# Anybody Dimpled a Frame for a Whizzer?



## Western-Whizzer (Mar 26, 2017)

Hi everybody! I was curious if anyone has ever crimped a frame for a Whizzer?
Did you have to heat the frame? Any pictures or helpful hints would be much appreciated.
I have made exact replica dimpling tools, but haven't made the supporting back molds yet.
Any info would be great. Thank you!


----------



## Boris (Mar 27, 2017)

Since you're in SW Washington, You might want to ask Alan Schurman, owner of the Iron Ranch.


----------



## Western-Whizzer (Mar 27, 2017)

Dave Marko said:


> Since you're in SW Washington, You might want to ask Alan Schurman, owner of the Iron Ranch.

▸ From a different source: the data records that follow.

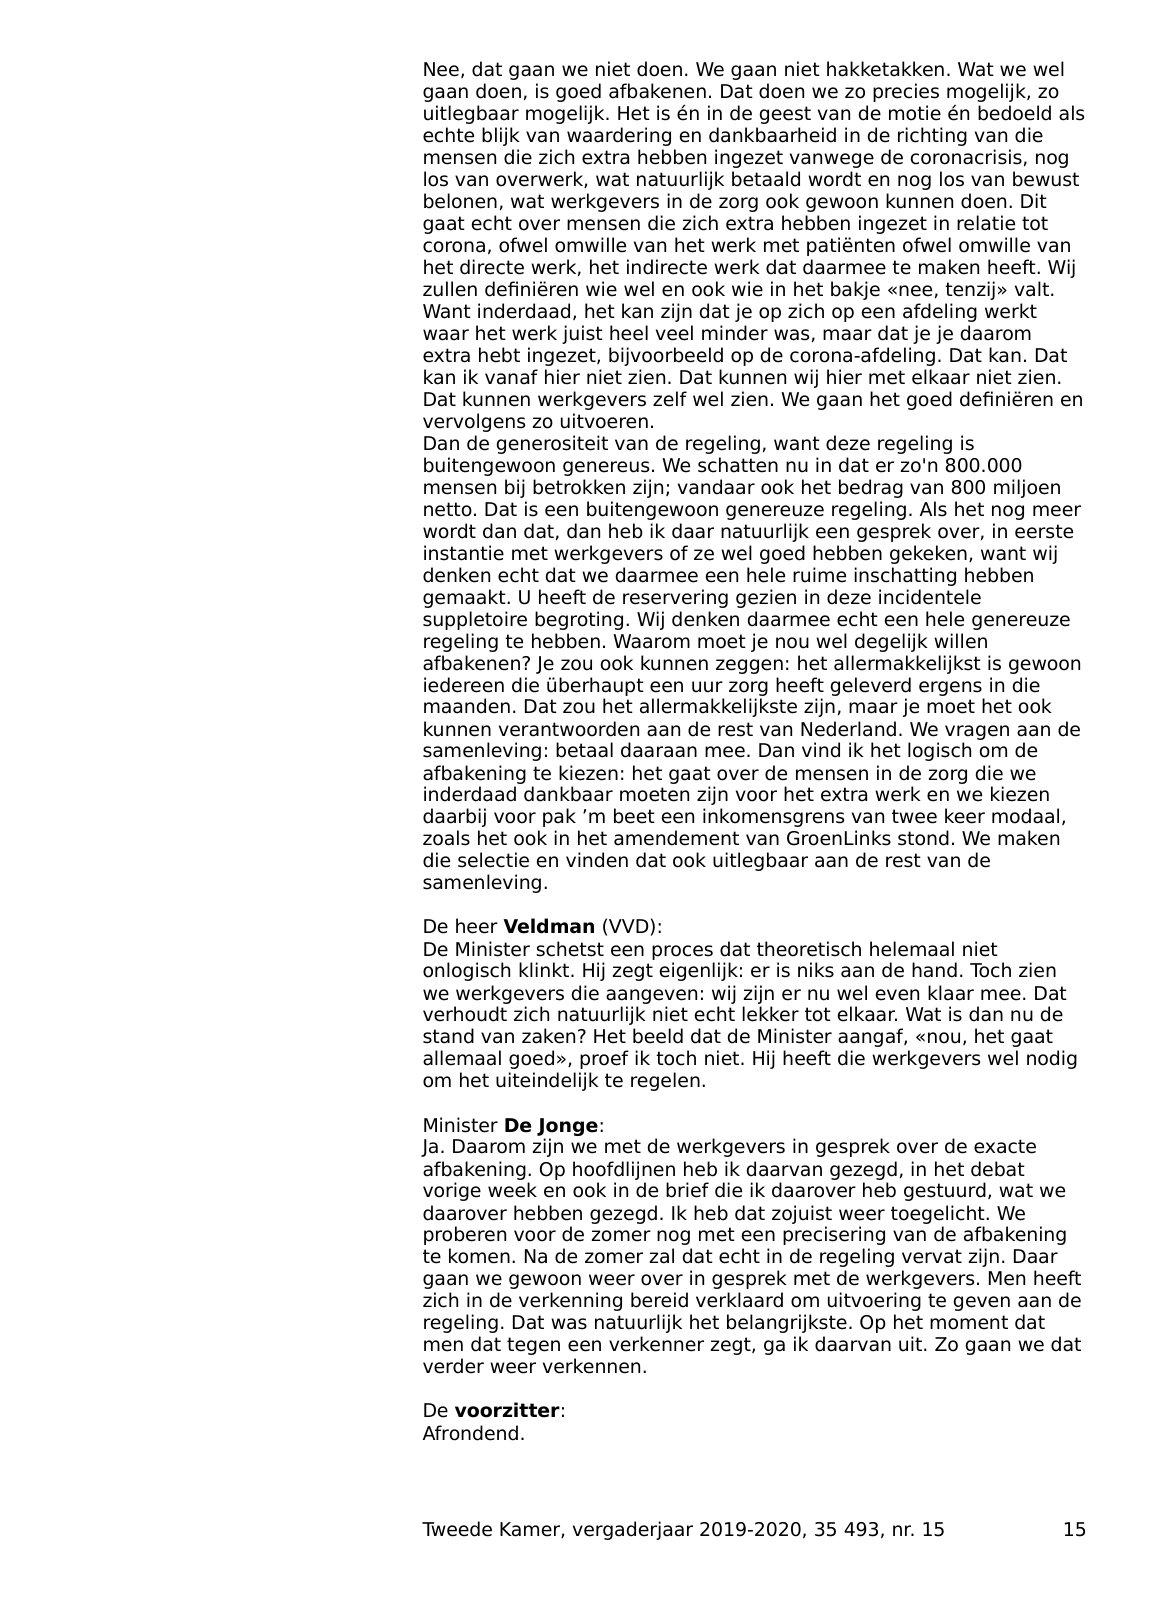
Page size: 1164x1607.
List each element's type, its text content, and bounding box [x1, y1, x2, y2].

text De voorzitter: [422, 1400, 1087, 1422]
text De Minister schetst een proces dat theoretisch helemaal niet onlogisch klinkt. Hij zegt eigenlijk: er is niks aan de hand. Toch zien we werkgevers die aangeven: wij zijn er nu wel even klaar mee. Dat verhoudt zich natuurlijk niet echt lekker tot elkaar. Wat is dan nu de stand van zaken? Het beeld dat de Minister aangaf, «nou, het gaat allemaal goed», proef ik toch niet. Hij heeft die werkgevers wel nodig om het uiteindelijk te regelen. [422, 938, 1087, 1092]
text De heer Veldman (VVD): [422, 916, 1087, 938]
text Dan de generositeit van de regeling, want deze regeling is buitengewoon genereus. We schatten nu in dat er zo'n 800.000 mensen bij betrokken zijn; vandaar ook het bedrag van 800 miljoen netto. Dat is een buitengewoon genereuze regeling. Als het nog meer wordt dan dat, dan heb ik daar natuurlijk een gesprek over, in eerste instantie met werkgevers of ze wel goed hebben gekeken, want wij denken echt dat we daarmee een hele ruime inschatting hebben gemaakt. U heeft de reservering gezien in deze incidentele suppletoire begroting. Wij denken daarmee echt een hele genereuze regeling te hebben. Waarom moet je nou wel degelijk willen afbakenen? Je zou ook kunnen zeggen: het allermakkelijkst is gewoon iedereen die überhaupt een uur zorg heeft geleverd ergens in die maanden. Dat zou het allermakkelijkste zijn, maar je moet het ook kunnen verantwoorden aan de rest van Nederland. We vragen aan de samenleving: betaal daaraan mee. Dan vind ik het logisch om de afbakening te kiezen: het gaat over de mensen in de zorg die we inderdaad dankbaar moeten zijn voor het extra werk en we kiezen daarbij voor pak ’m beet een inkomensgrens van twee keer modaal, zoals het ook in het amendement van GroenLinks stond. We maken die selectie en vinden dat ook uitlegbaar aan de rest van de samenleving. [422, 433, 1087, 894]
text Afrondend. [422, 1422, 1087, 1444]
text Minister De Jonge: [422, 1114, 1087, 1136]
text Nee, dat gaan we niet doen. We gaan niet hakketakken. Wat we wel gaan doen, is goed afbakenen. Dat doen we zo precies mogelijk, zo uitlegbaar mogelijk. Het is én in de geest van de motie én bedoeld als echte blijk van waardering en dankbaarheid in de richting van die mensen die zich extra hebben ingezet vanwege de coronacrisis, nog los van overwerk, wat natuurlijk betaald wordt en nog los van bewust belonen, wat werkgevers in de zorg ook gewoon kunnen doen. Dit gaat echt over mensen die zich extra hebben ingezet in relatie tot corona, ofwel omwille van het werk met patiënten ofwel omwille van het directe werk, het indirecte werk dat daarmee te maken heeft. Wij zullen definiëren wie wel en ook wie in het bakje «nee, tenzij» valt. Want inderdaad, het kan zijn dat je op zich op een afdeling werkt waar het werk juist heel veel minder was, maar dat je je daarom extra hebt ingezet, bijvoorbeeld op de corona-afdeling. Dat kan. Dat kan ik vanaf hier niet zien. Dat kunnen wij hier met elkaar niet zien. Dat kunnen werkgevers zelf wel zien. We gaan het goed definiëren en vervolgens zo uitvoeren. [422, 59, 1087, 433]
text Ja. Daarom zijn we met de werkgevers in gesprek over de exacte afbakening. Op hoofdlijnen heb ik daarvan gezegd, in het debat vorige week en ook in de brief die ik daarover heb gestuurd, wat we daarover hebben gezegd. Ik heb dat zojuist weer toegelicht. We proberen voor de zomer nog met een precisering van de afbakening te komen. Na de zomer zal dat echt in de regeling vervat zijn. Daar gaan we gewoon weer over in gesprek met de werkgevers. Men heeft zich in de verkenning bereid verklaard om uitvoering te geven aan de regeling. Dat was natuurlijk het belangrijkste. Op het moment dat men dat tegen een verkenner zegt, ga ik daarvan uit. Zo gaan we dat verder weer verkennen. [422, 1136, 1087, 1378]
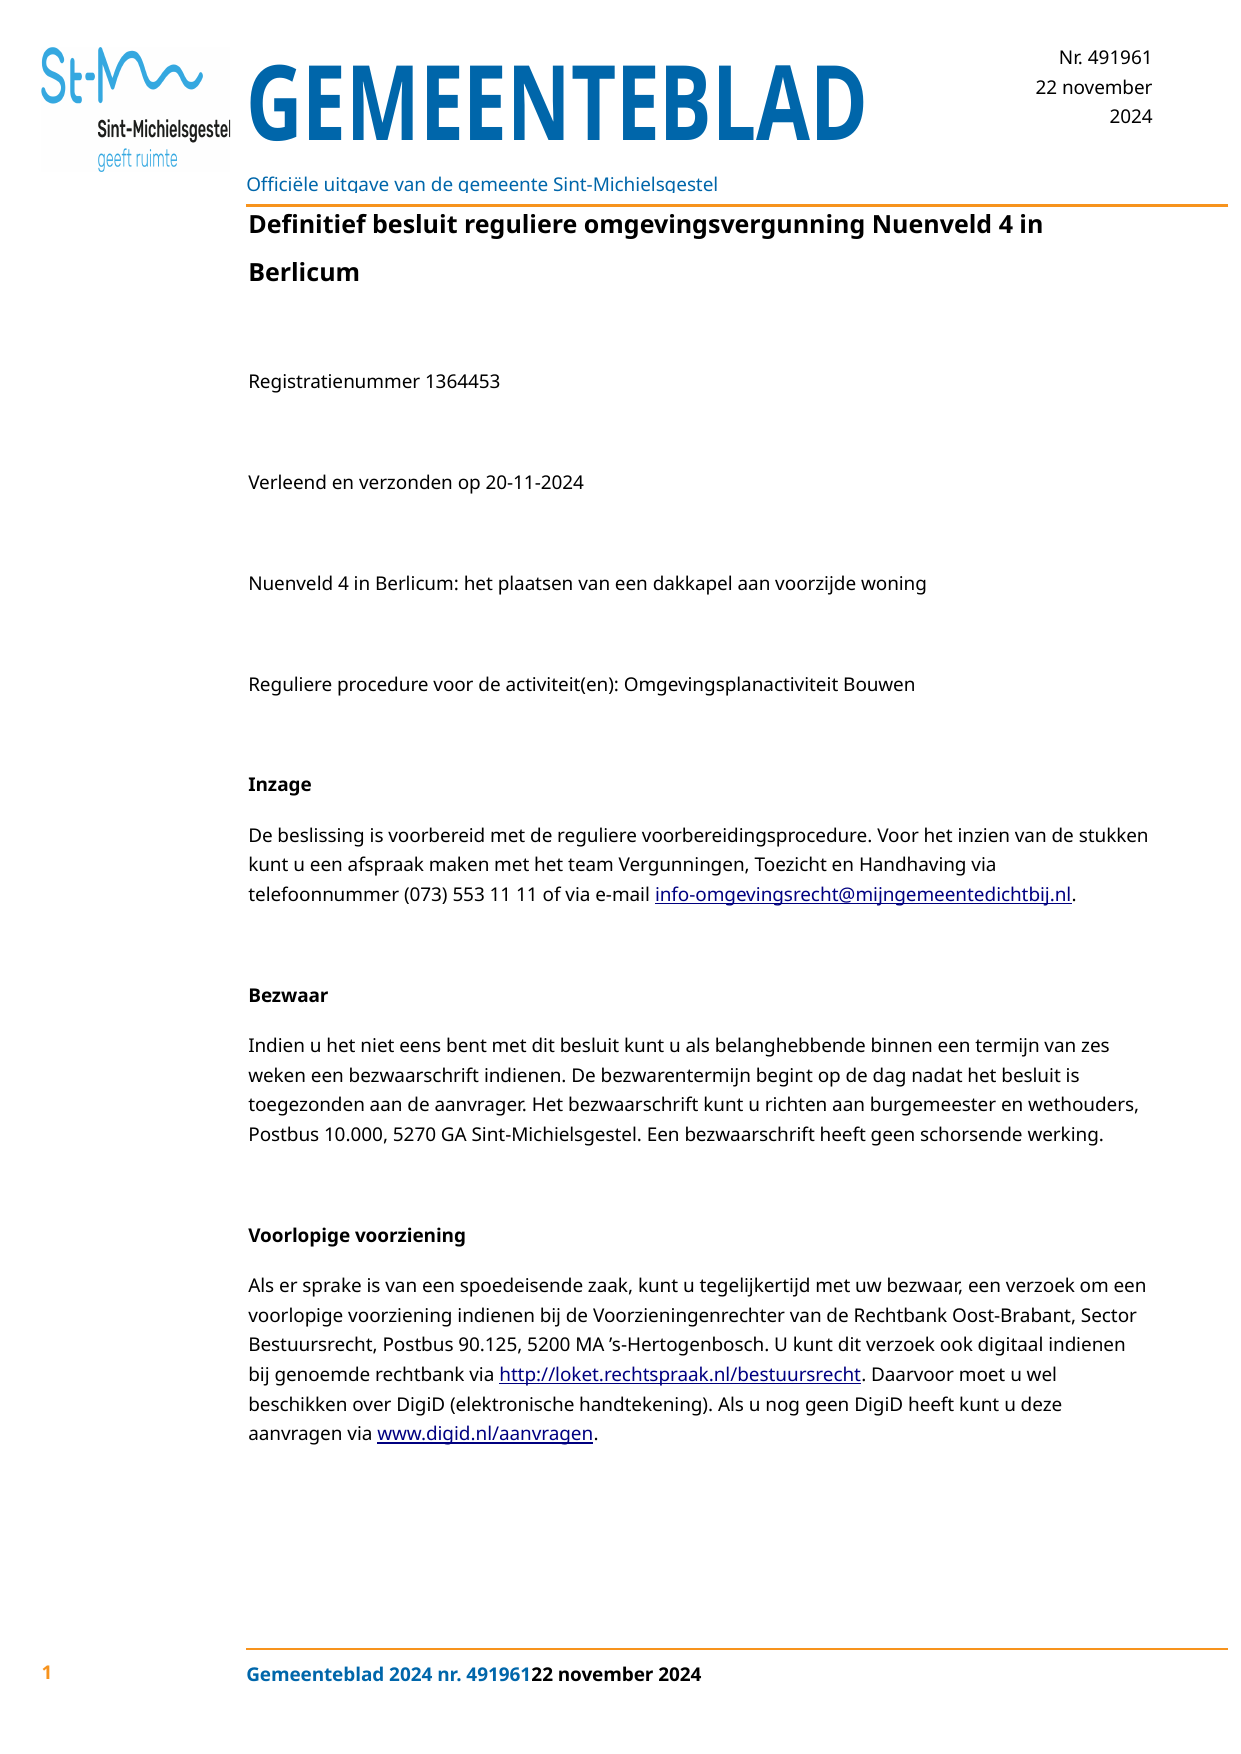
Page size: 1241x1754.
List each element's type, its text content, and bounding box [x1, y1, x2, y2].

text Voorlopige voorziening [248, 1222, 1152, 1248]
text Definitief besluit reguliere omgevingsvergunning Nuenveld 4 in Berlicum [248, 207, 1152, 288]
text Verleend en verzonden op 20-11-2024 [248, 469, 1152, 495]
text Registratienummer 1364453 [248, 368, 1152, 394]
text Reguliere procedure voor de activiteit(en): Omgevingsplanactiviteit Bouwen [248, 671, 1152, 697]
picture [41, 47, 231, 172]
text Bezwaar [248, 982, 1152, 1008]
text Als er sprake is van een spoedeisende zaak, kunt u tegelijkertijd met uw bezwaar, een verzoek om een voorlopige voorziening indienen bij de Voorzieningenrechter van de Rechtbank Oost-Brabant, Sector Bestuursrecht, Postbus 90.125, 5200 MA ’s-Hertogenbosch. U kunt dit verzoek ook digitaal indienen bij genoemde rechtbank via http://loket.rechtspraak.nl/bestuursrecht. Daarvoor moet u wel beschikken over DigiD (elektronische handtekening). Als u nog geen DigiD heeft kunt u deze aanvragen via www.digid.nl/aanvragen. [248, 1272, 1152, 1446]
text Inzage [248, 772, 1152, 797]
text Nuenveld 4 in Berlicum: het plaatsen van een dakkapel aan voorzijde woning [248, 570, 1152, 596]
text Indien u het niet eens bent met dit besluit kunt u als belanghebbende binnen een termijn van zes weken een bezwaarschrift indienen. De bezwarentermijn begint op de dag nadat het besluit is toegezonden aan de aanvrager. Het bezwaarschrift kunt u richten aan burgemeester en wethouders, Postbus 10.000, 5270 GA Sint-Michielsgestel. Een bezwaarschrift heeft geen schorsende werking. [248, 1032, 1152, 1147]
text De beslissing is voorbereid met de reguliere voorbereidingsprocedure. Voor het inzien van de stukken kunt u een afspraak maken met het team Vergunningen, Toezicht en Handhaving via telefoonnummer (073) 553 11 11 of via e-mail info-omgevingsrecht@mijngemeentedichtbij.nl. [248, 822, 1152, 907]

Thank you Dave, I will try to look him up.


----------



## bricycle (Mar 27, 2017)

Joe Cargola did them....
https://books.google.com/books?id=6...PBWEQ6AEIOjAG#v=onepage&q=joe cargola&f=false


----------



## Boris (Mar 27, 2017)

If that doesn't work for you, let me know. I do know someone else, but he's out by Gresham.


----------



## Western-Whizzer (Mar 27, 2017)

Thank you! I am just curious if Schwinn dimpled the chain stays while they were cold, or if they heated them up.
Here are the exact tools that I built. I made molds of the original dimples, and then copied every curve.
I made these with a hack saw and file. It took over 10 tries before I got them exact.
Now they fit inside the factory dimples like a glove.
The 2nd photo makes the wedge look slightly different, but that is just the angle of the photo.
I am having the back supports caste in aluminum to fit the chain stays perfectly.
This way they will not be distorted.
When I am done I should be able to leave factory looking dimples on bikes.
I hope I don't upset anybody, but after dimpling a frame I am going to stamp my initials on the bottom bracket.
This way, these frames can be separated from the originals.


----------



## bikecrazy (Mar 27, 2017)

I doubt if Schwinn used any heat when they dimpled the frames. The tubing used is pretty soft and fairly easy to bend.


----------



## Western-Whizzer (Mar 27, 2017)

That is what I thought too, but when I did a practice dimple on a 1959 girls frame, it was hard as hell. When I have the backing made, I will give it another try.


----------



## bikecrazy (Mar 28, 2017)

I guess heat would help.I wonder if that would open the door up for stress cracks in the future. Tough call. I think you have the right idea practicing on scrap frames.


----------



## Western-Whizzer (Mar 28, 2017)

I would guess that Schwinn had some sort of hydraulic press that just instantly pressed them in with ease. I will be welding these dimple wedges on to a heavy duty vise, and then press them in one turn at a time. Another clue that they were probably not heated is that there are no signs of burn marks on the frames in that location. But at the same time I do not see any burn marks where they brazed on the extended brake arm clamp. Perhaps they did use heat but then cleaned those areas afterwords? In the end, I will guess that no heat was used. As soon as I have the chain stay supports made, I will post the details and photos. Thank you everybody!


----------